6. The composition of claim 5, wherein the composition is stable for at least about 3 years at about -20°C.

7. Use of a composition for treating respiratory syncytial virus, the composition comprising a polyclonal antibody derived from human breastmilk, wherein the composition comprises intact antibodies representing more than about 81% of total antibodies, the total antibodies comprising the intact antibodies and degraded antibodies.

8. An apparatus for delivering a composition to treat respiratory syncytial virus, the apparatus comprising: a storage reservoir to store the composition; a nebulizer to provide a mist of the composition to be delivered to a dose of the composition; and a delivery system to deliver the dose, wherein the composition comprises a polyclonal antibody mixture derived from human breastmilk.

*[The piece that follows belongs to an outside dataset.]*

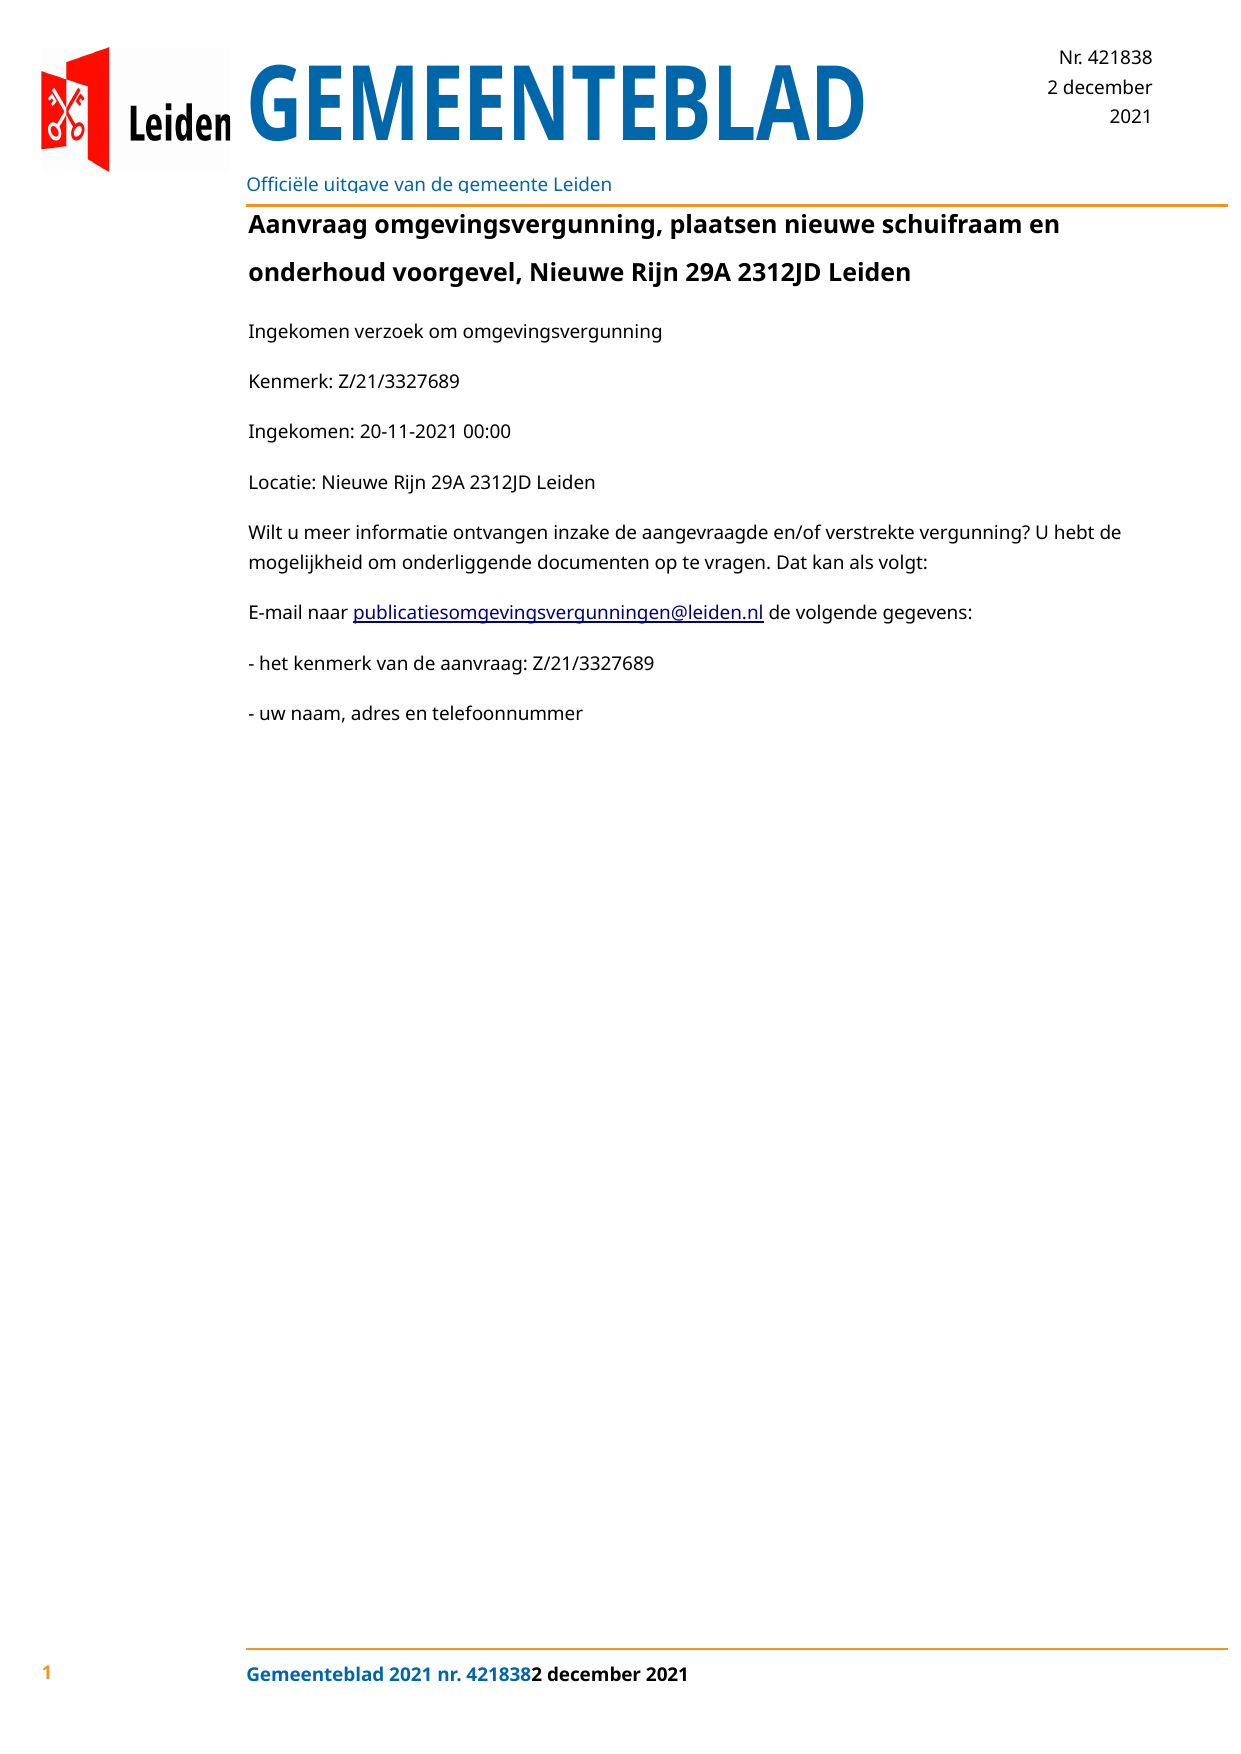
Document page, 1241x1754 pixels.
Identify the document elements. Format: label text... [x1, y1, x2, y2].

9. A method of preparing a composition for inhalation to treat respiratory syncytial virus, the method comprising: collecting a quantity of milk from a mammalian donor; purifying a non-pasteurized sample of the quantity of milk to extract a polyclonal antibody fraction with ammonium sulfate precipitation with an ammonium sulfate concentration of about 45% to 65%; characterizing the antibody fraction to determine the type of antibodies present; providing a pooled composition of antibodies for use in the preparation of an inhalation dosage form.

10. The method of claim 9, wherein the antibody fraction is further characterized to determine the amount of antibodies present.

11. The method of claim 9 or 10, wherein the antibody fraction is non-specific.

12. The method of any one of claims 9 to 11, wherein the sample is purified using ammonium sulfate precipitation with an ammonium sulfate concentration of about 65%.

13. The method of any one of claims 9 to 12, wherein the pooled composition of antibodies is at least about 90% IgA.